Introduction
============

This package integrates documentcloud's viewer and pdf processing
into plone.

Example viewer: https://www.documentcloud.org/documents/19864-goldman-sachs-internal-emails

Besides displaying PDFs, it will also display:

 - Word
 - Excel
 - Powerpoint
 - HTML
 - RTF


Install requirements
--------------------

 - docsplit: http://documentcloud.github.com/docsplit/
 - graphicsmagick
 - ghostscript
 - poppler
 - tesseract
 - pdftk
 - openoffice(for doc, excel, ppt, etc types)


Async Integration
-----------------

It it highly recommended to install and configure plone.app.async
in combination with this package. Doing so will manage all pdf
conversions processes asynchronously so the user isn't delayed
so much when saving files.


Settings
--------

The product can be configured via a control panel item
`Document Viewer Settings`.

Some interesting configuration options:

Storage Type
    If you want to be able to serve you files via amazon cloud, 
    this will allow you to store the data in flat files that
    can be synced to another server.
Storage Location
    Where are the server to store the files.
OCR
    Use tesseract to scan the document for text.

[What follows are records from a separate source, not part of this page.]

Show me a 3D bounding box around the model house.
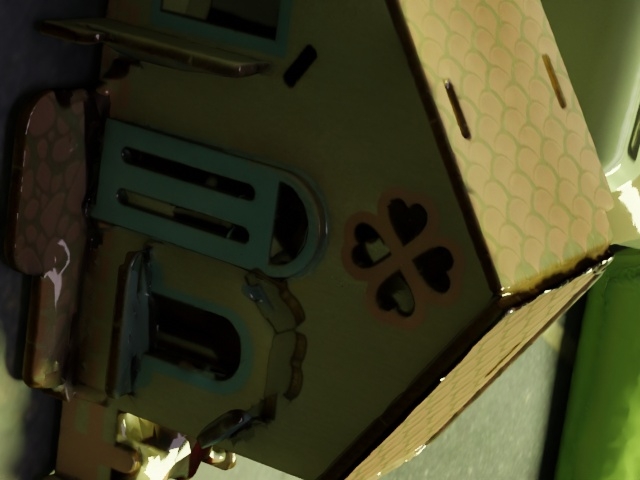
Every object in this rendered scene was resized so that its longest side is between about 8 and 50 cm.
[{"bbox_3d":[0.000,0.000,0.892,0.169,0.244,0.326,-17,120,-59],"label":"model house"}]

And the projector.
[{"bbox_3d":[0.153,-0.107,1.181,0.177,0.163,0.242,31,73,-59],"label":"projector"}]

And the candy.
[{"bbox_3d":[0.261,0.170,1.511,0.142,0.132,0.343,-4,109,-26],"label":"candy"}]
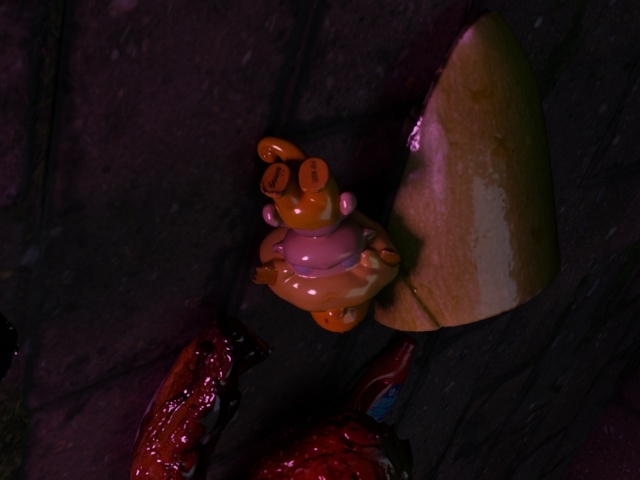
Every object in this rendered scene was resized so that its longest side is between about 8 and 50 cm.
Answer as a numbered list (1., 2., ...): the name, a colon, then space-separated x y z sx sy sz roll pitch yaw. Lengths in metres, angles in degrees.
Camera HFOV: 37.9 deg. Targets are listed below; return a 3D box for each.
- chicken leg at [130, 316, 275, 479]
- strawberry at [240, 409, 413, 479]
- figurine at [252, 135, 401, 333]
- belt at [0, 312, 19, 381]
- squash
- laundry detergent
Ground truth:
1. chicken leg: -0.155 0.243 1.045 0.158 0.095 0.407 -46 159 -47
2. strawberry: -0.006 0.371 1.257 0.288 0.250 0.239 -21 126 20
3. figurine: 0.000 0.000 0.933 0.156 0.131 0.246 -6 147 6
4. belt: -0.320 0.095 0.655 0.198 0.078 0.151 -23 146 -41
5. squash: 0.146 -0.087 1.038 0.233 0.210 0.309 -38 117 -47
6. laundry detergent: 0.087 0.210 1.371 0.097 0.049 0.165 8 115 -52
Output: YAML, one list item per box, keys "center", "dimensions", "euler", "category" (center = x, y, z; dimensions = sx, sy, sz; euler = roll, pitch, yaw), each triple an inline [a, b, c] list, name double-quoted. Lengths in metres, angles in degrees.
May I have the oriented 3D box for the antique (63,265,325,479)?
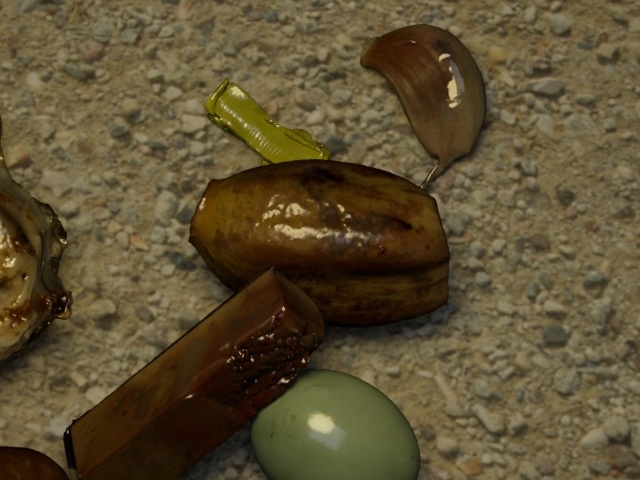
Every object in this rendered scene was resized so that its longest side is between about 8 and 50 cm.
- center: [-0.132, 0.162, 1.813]
  dimensions: [0.310, 0.087, 0.093]
  euler: [-39, 36, 12]
  category: "antique"

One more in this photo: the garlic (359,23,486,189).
- center: [0.132, -0.161, 1.992]
  dimensions: [0.128, 0.090, 0.198]
  euler: [-23, 81, 9]
  category: "garlic"

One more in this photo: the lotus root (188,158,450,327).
- center: [0.001, -0.009, 1.884]
  dimensions: [0.291, 0.193, 0.193]
  euler: [5, 73, -4]
  category: "lotus root"

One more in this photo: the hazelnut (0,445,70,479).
- center: [-0.370, 0.306, 1.781]
  dimensions: [0.234, 0.218, 0.218]
  euler: [-10, 74, -3]
  category: "hazelnut"

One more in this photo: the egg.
- center: [0.016, 0.219, 1.833]
  dimensions: [0.192, 0.149, 0.149]
  euler: [30, 75, -1]
  category: "egg"

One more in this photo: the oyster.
- center: [-0.392, -0.012, 1.913]
  dimensions: [0.198, 0.133, 0.337]
  euler: [-22, 72, -4]
  category: "oyster"

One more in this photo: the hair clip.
- center: [-0.059, -0.115, 1.987]
  dimensions: [0.173, 0.046, 0.072]
  euler: [35, 80, 11]
  category: "hair clip"
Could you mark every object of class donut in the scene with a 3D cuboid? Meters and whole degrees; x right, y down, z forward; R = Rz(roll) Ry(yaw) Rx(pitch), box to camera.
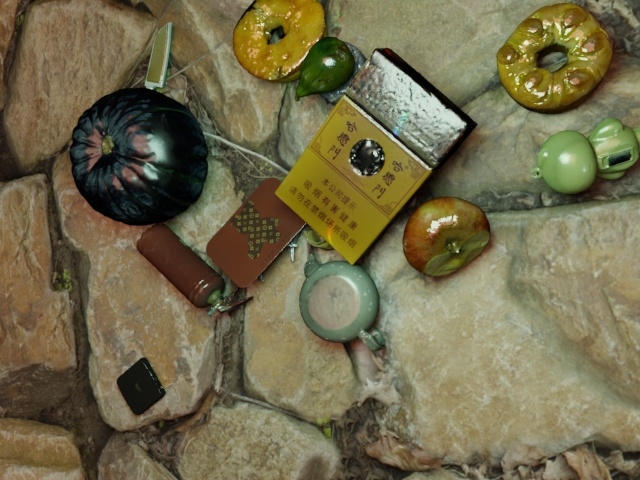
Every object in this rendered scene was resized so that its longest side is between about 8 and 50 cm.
[{"bbox_3d":[0.493,-0.379,1.230,0.227,0.114,0.226,-1,87,20],"label":"donut"},{"bbox_3d":[-0.098,-0.517,1.461,0.254,0.118,0.253,-1,88,23],"label":"donut"}]

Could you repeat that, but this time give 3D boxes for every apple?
[{"bbox_3d":[0.268,-0.014,1.266,0.195,0.173,0.160,-36,78,11],"label":"apple"}]

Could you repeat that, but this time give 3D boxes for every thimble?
[{"bbox_3d":[0.048,-0.404,1.409,0.150,0.098,0.150,-2,86,21],"label":"thimble"}]

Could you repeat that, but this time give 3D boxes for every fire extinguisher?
[{"bbox_3d":[-0.325,0.079,1.531,0.337,0.106,0.147,39,78,17],"label":"fire extinguisher"}]

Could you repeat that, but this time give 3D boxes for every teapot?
[{"bbox_3d":[0.047,0.144,1.369,0.193,0.129,0.294,-45,75,13],"label":"teapot"}]

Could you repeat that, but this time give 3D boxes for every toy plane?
[{"bbox_3d":[-0.156,-0.012,1.488,0.226,0.058,0.226,16,94,24],"label":"toy plane"}]

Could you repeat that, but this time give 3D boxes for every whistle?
[{"bbox_3d":[0.578,-0.190,1.200,0.294,0.141,0.141,-23,79,-1],"label":"whistle"}]

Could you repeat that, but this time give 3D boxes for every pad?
[{"bbox_3d":[-0.158,-0.024,1.458,0.181,0.004,0.267,41,88,26],"label":"pad"}]

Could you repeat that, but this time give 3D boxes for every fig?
[{"bbox_3d":[-0.007,-0.382,1.326,0.177,0.117,0.117,-34,76,25],"label":"fig"}]

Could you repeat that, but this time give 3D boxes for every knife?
[{"bbox_3d":[-0.468,-0.450,1.644,0.061,0.027,0.343,15,95,22],"label":"knife"}]

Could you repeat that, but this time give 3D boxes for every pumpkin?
[{"bbox_3d":[-0.473,-0.214,1.505,0.363,0.266,0.363,-1,86,20],"label":"pumpkin"}]

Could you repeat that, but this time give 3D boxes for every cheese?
[{"bbox_3d":[-0.001,0.001,1.431,0.084,0.060,0.041,25,97,27],"label":"cheese"}]

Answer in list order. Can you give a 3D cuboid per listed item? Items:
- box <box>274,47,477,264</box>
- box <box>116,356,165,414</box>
[{"bbox_3d":[0.116,-0.185,1.300,0.264,0.116,0.415,44,116,10],"label":"box"},{"bbox_3d":[-0.503,0.409,1.617,0.125,0.027,0.126,-39,76,17],"label":"box"}]
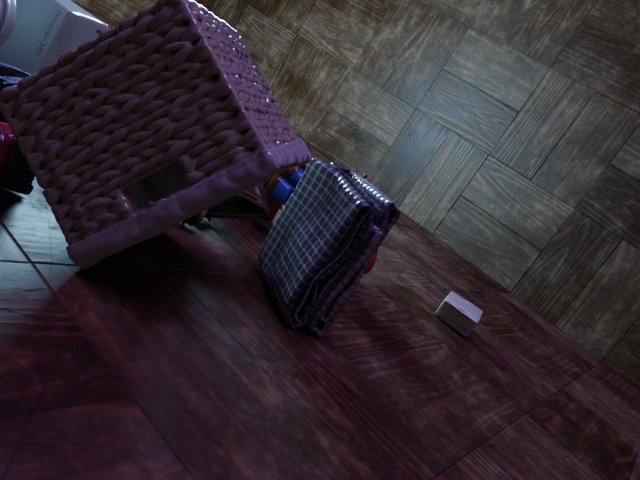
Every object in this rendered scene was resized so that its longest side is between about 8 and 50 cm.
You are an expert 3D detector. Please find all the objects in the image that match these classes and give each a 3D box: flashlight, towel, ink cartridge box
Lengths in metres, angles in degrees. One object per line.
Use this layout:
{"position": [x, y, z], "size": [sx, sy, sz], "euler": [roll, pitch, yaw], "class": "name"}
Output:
{"position": [-0.552, -0.159, 0.837], "size": [0.304, 0.103, 0.103], "euler": [21, 59, -31], "class": "flashlight"}
{"position": [0.000, 0.000, 1.118], "size": [0.121, 0.283, 0.235], "euler": [24, 15, -28], "class": "towel"}
{"position": [0.404, 0.215, 1.734], "size": [0.115, 0.067, 0.198], "euler": [36, 13, 14], "class": "ink cartridge box"}

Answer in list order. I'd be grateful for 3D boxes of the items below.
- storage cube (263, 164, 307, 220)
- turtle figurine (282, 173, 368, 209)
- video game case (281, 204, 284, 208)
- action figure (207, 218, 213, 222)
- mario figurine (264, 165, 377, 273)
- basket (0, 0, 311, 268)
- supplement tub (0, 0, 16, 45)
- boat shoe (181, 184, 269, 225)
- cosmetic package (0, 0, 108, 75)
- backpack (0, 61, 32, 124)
{"position": [-0.189, -0.189, 1.559], "size": [0.193, 0.183, 0.215], "euler": [20, 18, -46], "class": "storage cube"}
{"position": [0.005, -0.101, 1.636], "size": [0.217, 0.270, 0.087], "euler": [-90, 157, -48], "class": "turtle figurine"}
{"position": [-0.030, -0.073, 1.852], "size": [0.201, 0.023, 0.183], "euler": [36, 14, 8], "class": "video game case"}
{"position": [-0.252, -0.059, 1.294], "size": [0.038, 0.030, 0.115], "euler": [31, 18, 14], "class": "action figure"}
{"position": [0.000, -0.027, 1.456], "size": [0.320, 0.198, 0.170], "euler": [43, -4, 14], "class": "mario figurine"}
{"position": [-0.228, -0.163, 0.919], "size": [0.266, 0.329, 0.331], "euler": [64, 11, -6], "class": "basket"}
{"position": [-0.778, -0.479, 1.121], "size": [0.241, 0.241, 0.331], "euler": [34, 14, 5], "class": "supplement tub"}
{"position": [-0.255, -0.094, 1.198], "size": [0.342, 0.123, 0.123], "euler": [8, 45, -39], "class": "boat shoe"}
{"position": [-0.759, -0.559, 1.501], "size": [0.385, 0.217, 0.156], "euler": [34, 13, 15], "class": "cosmetic package"}
{"position": [-0.565, -0.253, 1.073], "size": [0.158, 0.116, 0.173], "euler": [40, 16, 26], "class": "backpack"}
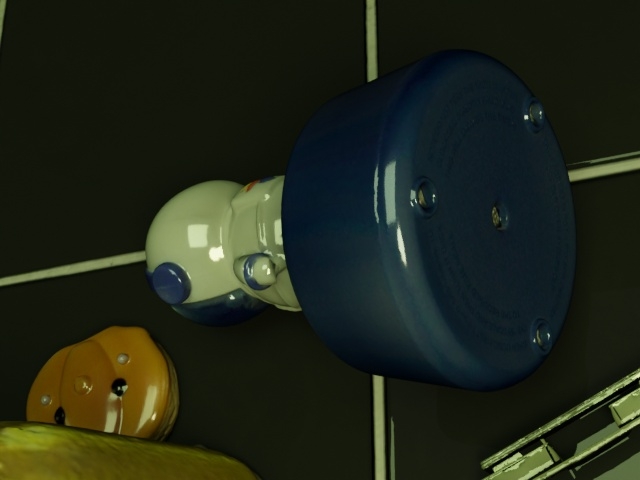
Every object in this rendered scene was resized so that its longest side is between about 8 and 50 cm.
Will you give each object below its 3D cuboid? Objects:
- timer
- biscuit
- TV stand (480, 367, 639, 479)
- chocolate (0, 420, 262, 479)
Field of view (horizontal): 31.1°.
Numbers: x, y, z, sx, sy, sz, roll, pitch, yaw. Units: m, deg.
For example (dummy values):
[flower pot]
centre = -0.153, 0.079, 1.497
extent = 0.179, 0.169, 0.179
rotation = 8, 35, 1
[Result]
[timer]
centre = 0.000, 0.000, 1.012
extent = 0.383, 0.270, 0.270
rotation = -8, 65, 40
[biscuit]
centre = -0.219, 0.167, 1.134
extent = 0.170, 0.050, 0.170
rotation = -10, 65, 23
[TV stand]
centre = 0.239, 0.142, 0.928
extent = 0.249, 0.036, 0.042
rotation = -33, 56, 10
[chocolate]
centre = -0.207, 0.206, 0.881
extent = 0.162, 0.445, 0.162
rotation = -10, 69, 26
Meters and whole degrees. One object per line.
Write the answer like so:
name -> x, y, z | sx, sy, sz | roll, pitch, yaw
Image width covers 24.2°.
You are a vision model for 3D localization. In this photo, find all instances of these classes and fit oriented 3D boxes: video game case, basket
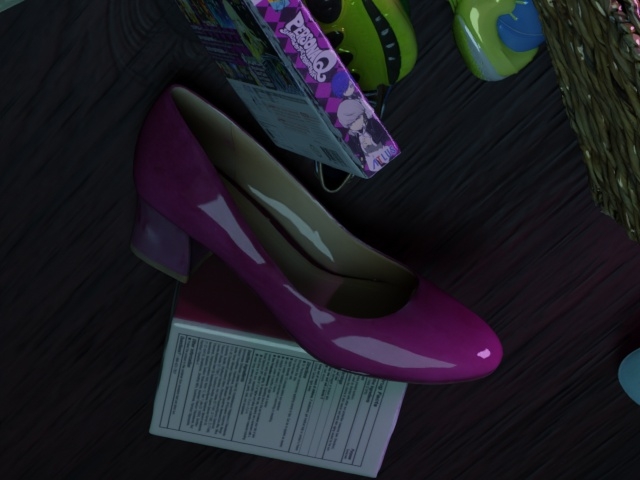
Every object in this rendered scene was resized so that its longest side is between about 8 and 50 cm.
video game case -> -0.044, -0.155, 1.203 | 0.042, 0.232, 0.210 | -38, 109, -9
basket -> 0.320, -0.143, 1.172 | 0.223, 0.213, 0.299 | -26, 121, -5

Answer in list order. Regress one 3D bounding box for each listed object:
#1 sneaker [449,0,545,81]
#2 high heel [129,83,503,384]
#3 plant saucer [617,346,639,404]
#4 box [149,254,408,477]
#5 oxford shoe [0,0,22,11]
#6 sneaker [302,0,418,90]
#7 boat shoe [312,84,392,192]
sneaker -> 0.139, -0.256, 1.232 | 0.126, 0.091, 0.240 | -28, 119, -1
high heel -> 0.000, 0.000, 1.337 | 0.377, 0.127, 0.181 | 20, 130, 6
plant saucer -> 0.393, 0.131, 1.466 | 0.195, 0.037, 0.195 | 13, 151, 7
box -> -0.038, 0.118, 1.454 | 0.232, 0.127, 0.148 | 12, 124, -5
oxford shoe -> -0.256, -0.279, 1.194 | 0.449, 0.130, 0.169 | -14, 124, 7
sneaker -> 0.004, -0.254, 1.161 | 0.109, 0.123, 0.295 | -12, 132, 3
boat shoe -> 0.032, -0.123, 1.323 | 0.066, 0.066, 0.183 | 8, 124, -1
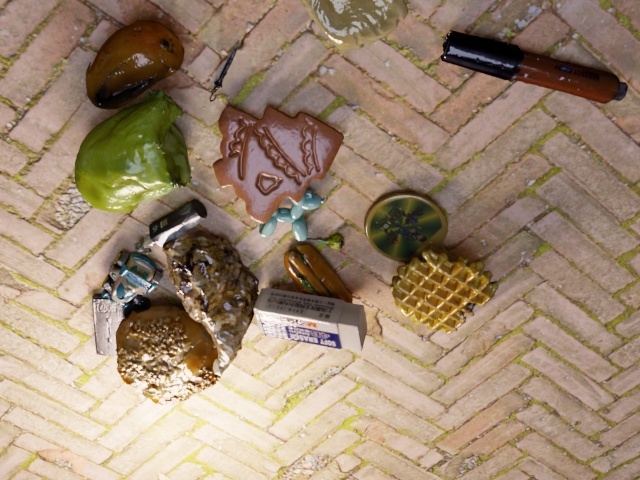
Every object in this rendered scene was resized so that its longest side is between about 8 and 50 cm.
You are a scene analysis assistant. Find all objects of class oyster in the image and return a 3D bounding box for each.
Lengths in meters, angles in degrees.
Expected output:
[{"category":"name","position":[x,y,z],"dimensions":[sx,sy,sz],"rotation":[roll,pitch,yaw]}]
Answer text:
[{"category":"oyster","position":[-0.246,0.148,2.070],"dimensions":[0.204,0.111,0.396],"rotation":[-24,115,-8]}]

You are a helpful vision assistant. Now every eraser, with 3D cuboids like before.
[{"category":"eraser","position":[-0.024,0.203,2.094],"dimensions":[0.279,0.081,0.124],"rotation":[8,142,15]}]

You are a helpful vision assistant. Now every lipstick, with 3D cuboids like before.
[{"category":"lipstick","position":[0.460,-0.368,1.752],"dimensions":[0.419,0.077,0.077],"rotation":[12,124,-10]}]

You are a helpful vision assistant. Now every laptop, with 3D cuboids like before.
[{"category":"laptop","position":[-0.535,0.234,2.206],"dimensions":[0.154,0.026,0.207],"rotation":[5,125,-3]}]

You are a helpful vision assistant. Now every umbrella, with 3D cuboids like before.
[{"category":"umbrella","position":[-0.213,-0.365,1.788],"dimensions":[0.022,0.022,0.148],"rotation":[-11,140,-47]}]

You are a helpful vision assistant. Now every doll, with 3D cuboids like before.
[{"category":"doll","position":[-0.069,-0.074,1.968],"dimensions":[0.159,0.059,0.158],"rotation":[2,126,0]}]

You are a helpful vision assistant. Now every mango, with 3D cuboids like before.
[{"category":"mango","position":[-0.396,-0.366,1.715],"dimensions":[0.249,0.151,0.156],"rotation":[-33,161,30]}]

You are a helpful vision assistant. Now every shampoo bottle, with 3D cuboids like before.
[{"category":"shampoo bottle","position":[-0.371,-0.027,2.004],"dimensions":[0.208,0.057,0.063],"rotation":[-30,130,22]}]

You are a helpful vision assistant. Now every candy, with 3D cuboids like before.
[{"category":"candy","position":[0.000,0.000,2.044],"dimensions":[0.123,0.035,0.035],"rotation":[6,137,7]}]

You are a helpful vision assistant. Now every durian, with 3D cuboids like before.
[{"category":"durian","position":[-0.414,-0.168,1.808],"dimensions":[0.340,0.204,0.256],"rotation":[-22,150,16]}]

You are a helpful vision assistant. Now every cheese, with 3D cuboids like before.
[{"category":"cheese","position":[0.067,-0.505,1.633],"dimensions":[0.214,0.117,0.226],"rotation":[-28,116,11]}]

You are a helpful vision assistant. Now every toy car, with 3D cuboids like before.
[{"category":"toy car","position":[-0.491,0.116,2.072],"dimensions":[0.126,0.098,0.161],"rotation":[35,109,-20]}]

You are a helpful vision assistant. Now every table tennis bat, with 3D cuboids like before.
[{"category":"table tennis bat","position":[0.253,-0.002,2.032],"dimensions":[0.321,0.050,0.198],"rotation":[37,121,-20]}]

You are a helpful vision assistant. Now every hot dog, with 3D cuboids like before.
[{"category":"hot dog","position":[-0.007,0.109,2.092],"dimensions":[0.100,0.068,0.249],"rotation":[-29,121,18]}]

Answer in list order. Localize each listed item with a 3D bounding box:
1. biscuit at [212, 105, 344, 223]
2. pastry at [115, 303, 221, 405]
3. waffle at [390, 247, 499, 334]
[{"category":"biscuit","position":[-0.094,-0.194,1.859],"dimensions":[0.306,0.043,0.283],"rotation":[-18,107,5]},{"category":"pastry","position":[-0.404,0.316,2.168],"dimensions":[0.255,0.162,0.311],"rotation":[-33,124,8]},{"category":"waffle","position":[0.314,0.137,2.072],"dimensions":[0.283,0.065,0.309],"rotation":[-4,138,21]}]
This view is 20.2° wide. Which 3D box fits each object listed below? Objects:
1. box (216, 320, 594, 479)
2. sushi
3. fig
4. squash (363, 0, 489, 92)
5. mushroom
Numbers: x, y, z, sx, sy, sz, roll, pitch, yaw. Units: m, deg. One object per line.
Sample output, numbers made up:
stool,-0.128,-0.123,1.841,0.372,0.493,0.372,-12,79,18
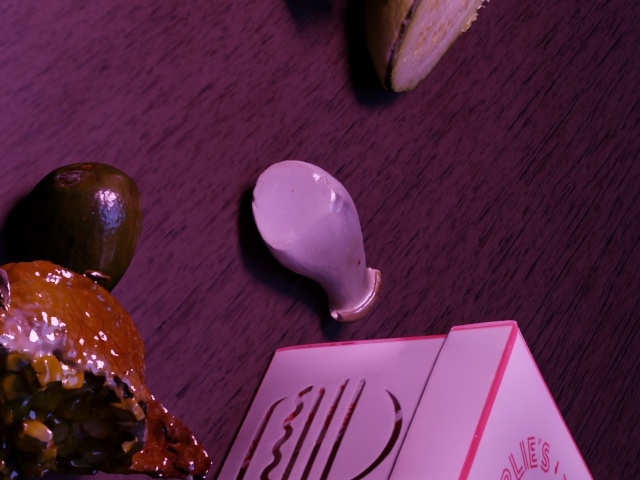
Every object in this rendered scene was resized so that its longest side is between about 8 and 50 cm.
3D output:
box,0.089,0.305,1.856,0.312,0.300,0.314,60,38,-33
sushi,-0.232,0.131,1.521,0.296,0.167,0.179,52,20,-50
fig,-0.220,0.017,1.616,0.117,0.117,0.177,-2,108,-58
squash,0.159,-0.327,2.166,0.234,0.210,0.309,87,6,-65
mushroom,0.000,0.000,1.983,0.116,0.093,0.225,-62,147,-16
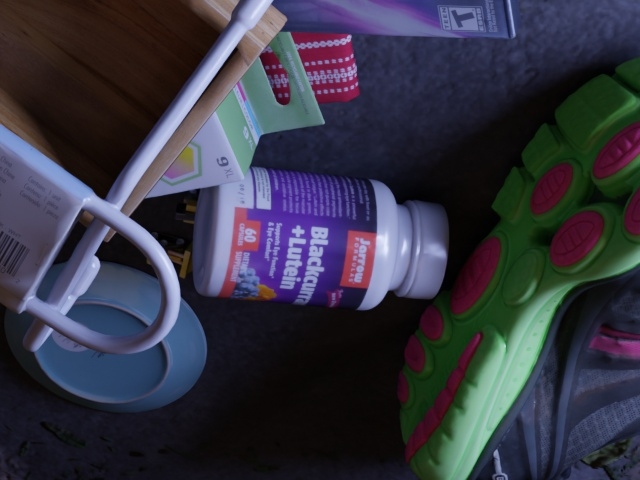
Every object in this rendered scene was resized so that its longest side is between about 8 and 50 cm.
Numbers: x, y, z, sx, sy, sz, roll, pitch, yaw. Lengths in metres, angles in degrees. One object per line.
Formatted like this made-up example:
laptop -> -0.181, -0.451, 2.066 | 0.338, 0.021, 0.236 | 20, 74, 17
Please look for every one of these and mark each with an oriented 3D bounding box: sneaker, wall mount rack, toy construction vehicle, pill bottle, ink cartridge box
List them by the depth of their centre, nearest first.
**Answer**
wall mount rack -> -0.204, -0.097, 1.131 | 0.350, 0.130, 0.304 | 34, 123, -2
ink cartridge box -> -0.114, -0.097, 1.301 | 0.209, 0.062, 0.109 | -9, 126, 19
sneaker -> 0.238, 0.031, 1.350 | 0.202, 0.185, 0.483 | 13, 136, -25
pill bottle -> 0.000, 0.000, 1.367 | 0.193, 0.108, 0.108 | 5, 131, -13
toy construction vehicle -> -0.097, 0.003, 1.441 | 0.098, 0.035, 0.086 | 16, 130, -4

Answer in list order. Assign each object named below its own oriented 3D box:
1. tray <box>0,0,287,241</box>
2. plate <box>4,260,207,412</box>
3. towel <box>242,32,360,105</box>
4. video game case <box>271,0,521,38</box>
tray -> -0.246, -0.206, 1.198 | 0.411, 0.076, 0.203 | 39, 119, -6
plate -> -0.197, 0.096, 1.542 | 0.188, 0.024, 0.188 | 5, 131, 5
towel -> -0.087, -0.213, 1.265 | 0.198, 0.031, 0.275 | -4, 129, 12
video game case -> -0.009, -0.226, 1.164 | 0.274, 0.026, 0.196 | 4, 134, 21
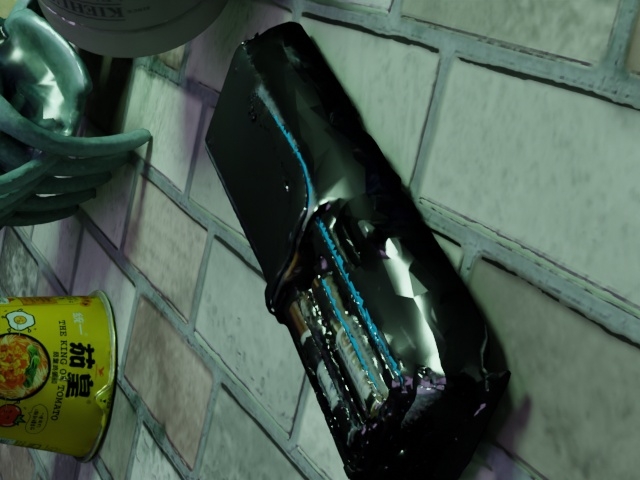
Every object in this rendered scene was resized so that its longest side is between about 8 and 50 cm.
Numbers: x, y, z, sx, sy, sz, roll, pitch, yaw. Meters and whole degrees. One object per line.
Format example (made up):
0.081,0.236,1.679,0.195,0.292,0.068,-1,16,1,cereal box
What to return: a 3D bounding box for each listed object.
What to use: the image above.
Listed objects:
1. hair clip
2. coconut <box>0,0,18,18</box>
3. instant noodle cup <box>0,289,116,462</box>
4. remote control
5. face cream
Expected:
-0.342,-0.141,1.312,0.318,0.392,0.238,-29,83,56,hair clip
-0.559,-0.300,1.708,0.352,0.352,0.353,-26,60,60,coconut
-0.306,0.135,1.295,0.182,0.144,0.182,-27,60,59,instant noodle cup
0.000,0.000,0.803,0.145,0.062,0.399,-68,30,29,remote control
-0.162,-0.262,1.017,0.153,0.177,0.177,84,180,-64,face cream

This process ca be
    slow so if your pdfs do not need to be OCR'd, you may disable.
Auto Select Layout
    For pdf files added to the site, automatically select the
    document viewer display.
Auto Convert
    When pdf files are added and modified, automatically convert.


TODO
----

 - add text back to pdf(necessary?)
   - slow...
 - remove images after file is deleted for plain file storage
 - take hash of file to compare if it's already converted